Windmill is a different tool wearing some of the same labels. It is a developer platform for scripts, webhooks, workflows, and internal UIs. As of 2026-06 it has 16,705 stars and is primarily Rust. Choose it when the core unit is a script or internal app rather than a business-user automation canvas.

Huginn is older and more hacker-shaped. It has 49,455 stars, Ruby code, and a long history around agents that monitor feeds, pages, and events. It is less polished as a modern SaaS automation replacement, but still useful when you want a self-hosted event-monitoring toolkit.

Zapier remains the default if you want hosted convenience and do not care about code-level control or self-hosting. n8n wins when ownership, custom logic, private network access, or AI workflow inspection matters enough to accept operations work.

Star curve reading

The sampled star curve shows n8n climbing steadily for years, then accelerating into the AI automation cycle rather than flattening. The exact short-window deltas are not reliable from the sampled curve, but the overall shape is clear: this is no longer a niche automation repo. It is one of the main open-source-adjacent workflow platforms developers now evaluate before paying for closed SaaS automation.

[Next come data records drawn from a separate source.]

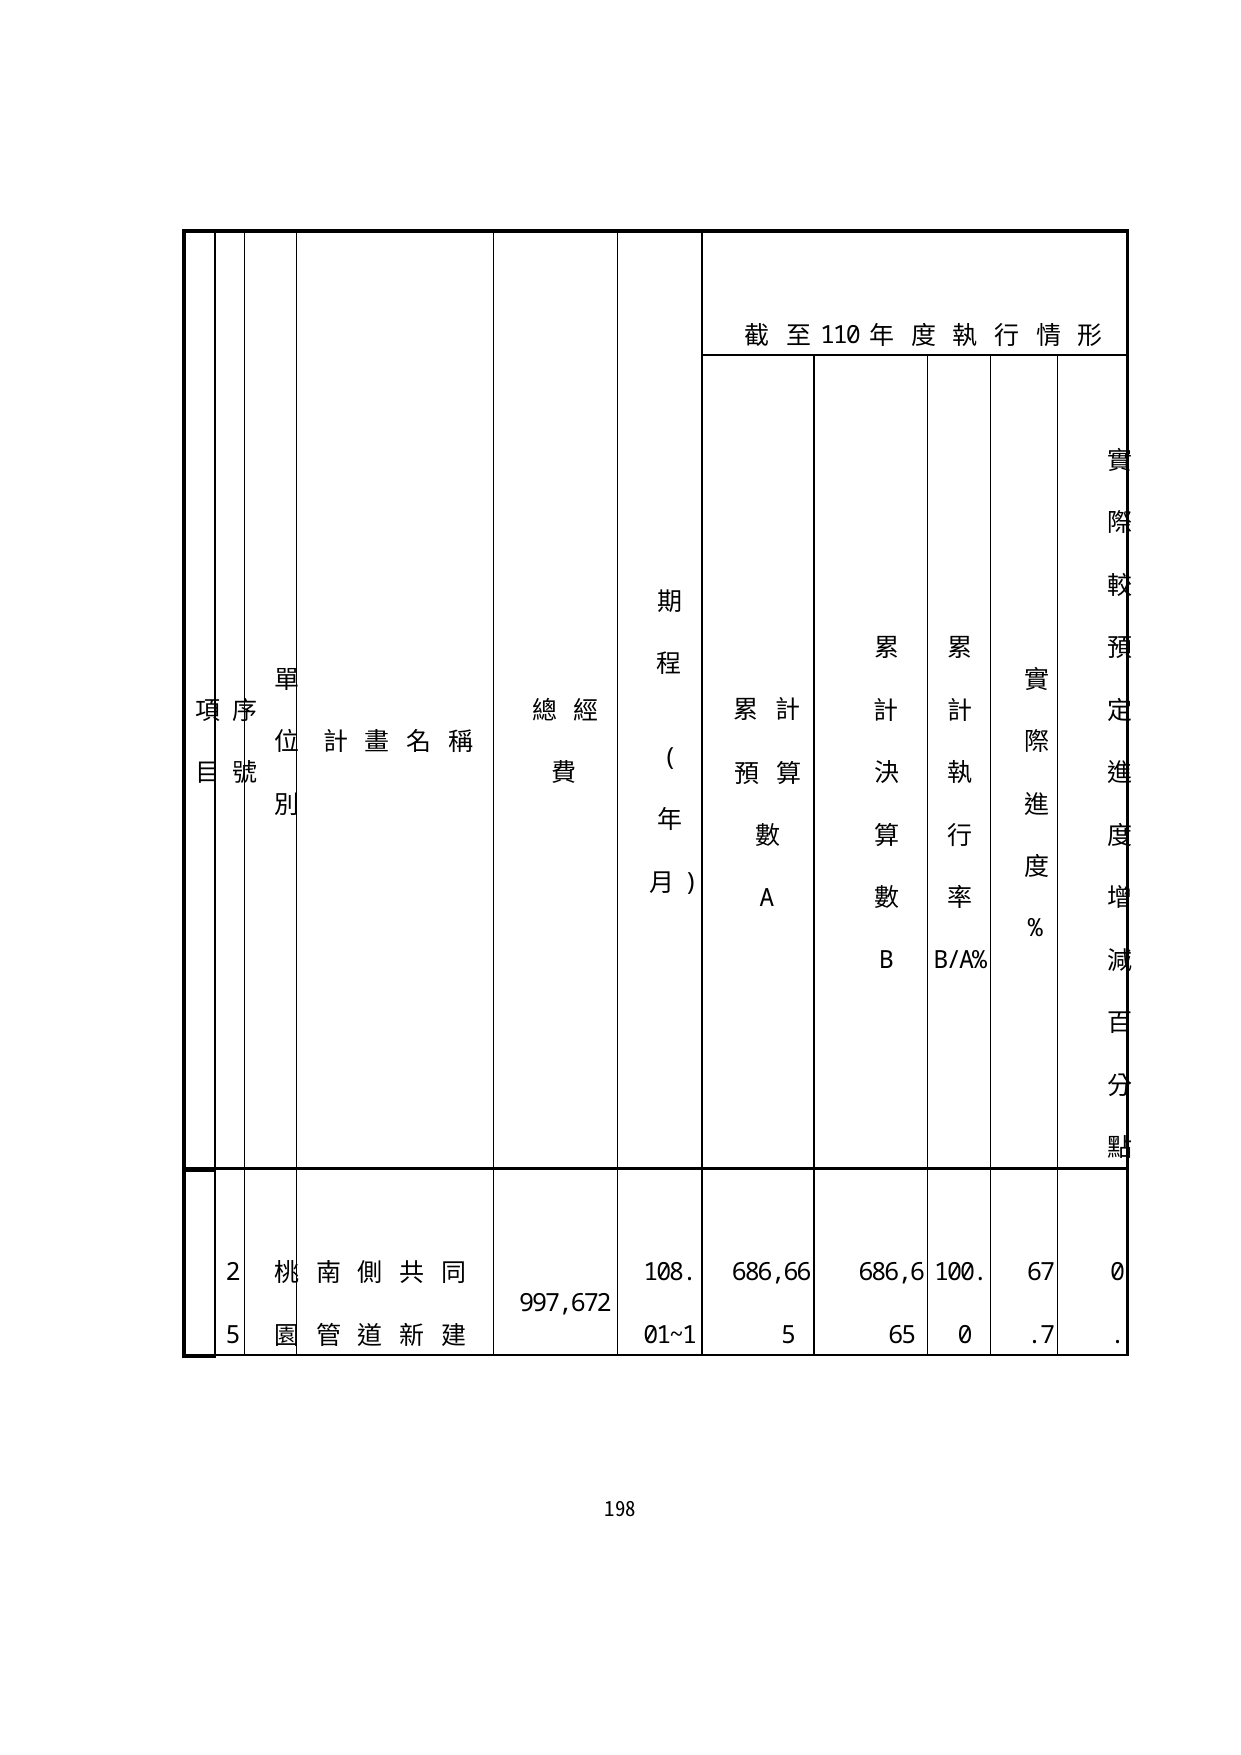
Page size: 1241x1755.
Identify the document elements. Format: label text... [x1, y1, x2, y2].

table_cell 686,665 [815, 1170, 927, 1354]
table_header 項目 [186, 233, 214, 1167]
table_cell 桃園機場 [278, 1326, 295, 1343]
table_header 總經費 [494, 233, 617, 1167]
table_header 截至110年度執行情形 [703, 233, 1126, 354]
table_cell 實際較預定進度增減百分點 [1058, 356, 1126, 1167]
table_header 序號 [216, 233, 244, 1167]
table_cell 累計執行率B/A% [928, 356, 990, 1167]
table_cell 997,672 [494, 1170, 617, 1354]
table_cell 南側共同管道新建 [297, 1170, 493, 1354]
table_cell 累計 決算數 B [815, 356, 927, 1167]
table_cell 25 [216, 1170, 244, 1354]
table_cell 0. [1058, 1170, 1126, 1354]
table_header 期程 (年月) [618, 233, 701, 1167]
table_cell 未屆期計畫 [186, 1172, 214, 1354]
table_cell 累計 預算數 A [703, 356, 813, 1167]
table_header 計畫名稱 [297, 233, 493, 1167]
table_cell 實際進度% [991, 356, 1057, 1167]
table_cell 桃園機場 [245, 1170, 296, 1354]
table_cell 686,665 [703, 1170, 813, 1354]
table_cell 67.7 [991, 1170, 1057, 1354]
table_cell 108.01~1 [618, 1170, 701, 1354]
table_header 單位別 [245, 233, 296, 1167]
table_cell 100.0 [928, 1170, 990, 1354]

For local model backends that can sit behind workflow agents, see ollama/ollama. For web data ingestion inside AI workflows, firecrawl/firecrawl is the adjacent piece. For the broader weekly view, follow LLM tooling and the GitHub trending repositories hub.

FAQ

Is n8n open source? n8n is source-available and self-hostable, but its main license is the Sustainable Use License rather than MIT, Apache-2.0, or another OSI open-source license. Treat that as a legal and procurement detail, not a footnote.

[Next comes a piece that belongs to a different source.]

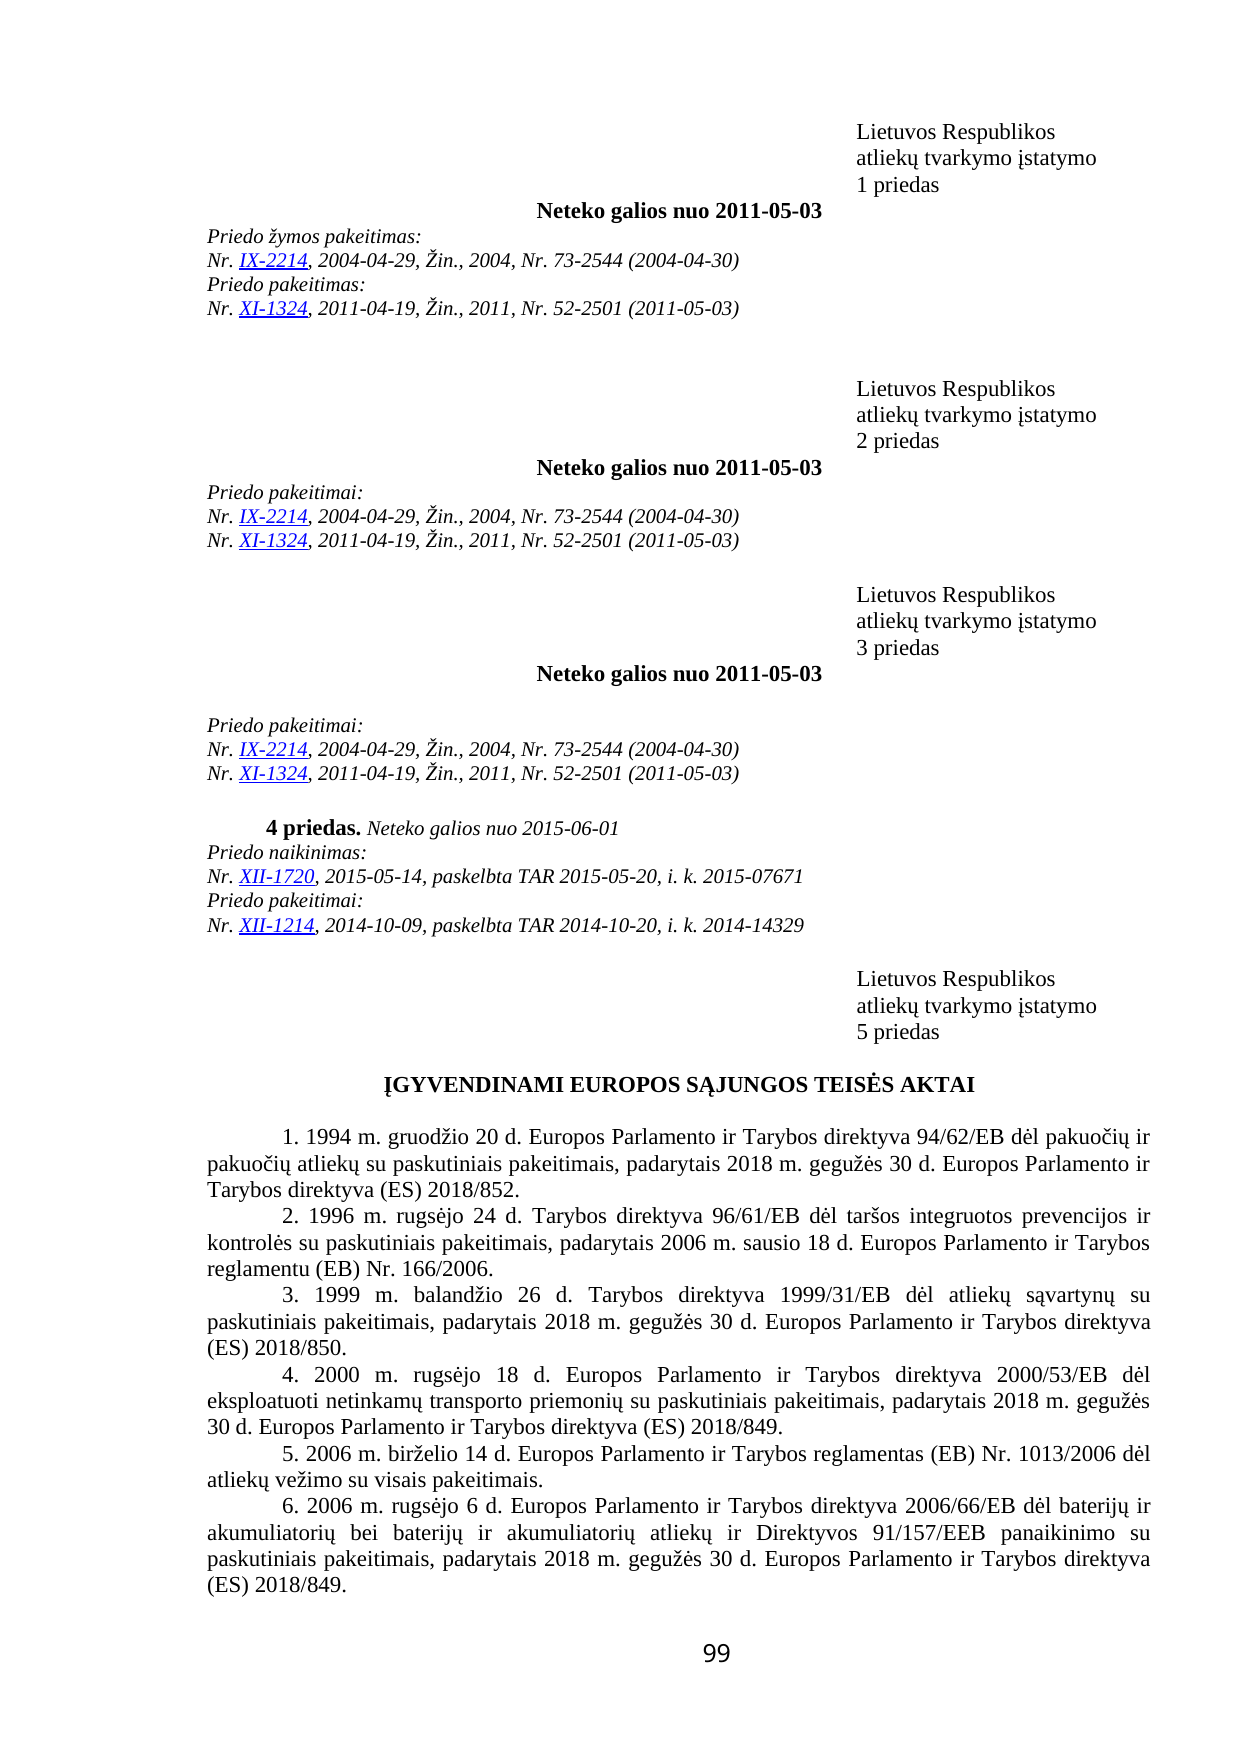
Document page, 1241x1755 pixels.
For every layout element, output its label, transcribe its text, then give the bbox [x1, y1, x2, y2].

Can I run n8n with Docker? Yes. The README gives a single-container Docker command for trying it locally. Production self-hosting usually needs PostgreSQL, Redis for queue mode, backups, and a more deliberate upgrade process.

Is n8n a Zapier alternative? Yes, if you want more control, code nodes, self-hosting, and private-network access. Zapier is still easier when the only requirement is hosted SaaS automation with minimal operations work.

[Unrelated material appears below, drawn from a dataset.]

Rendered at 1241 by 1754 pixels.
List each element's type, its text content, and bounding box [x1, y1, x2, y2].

Is n8n good for AI agents and MCP workflows? It is a good place to orchestrate model calls, tools, credentials, and approvals. For MCP specifically, test your target server and OAuth path, because recent issues show that the MCP surface is still changing.

What should I test before using n8n in production? Test webhooks through your proxy, OAuth credentials for your key integrations, workflow retries, large form uploads, queue mode with Redis, database failover behavior, and export or backup of critical workflows.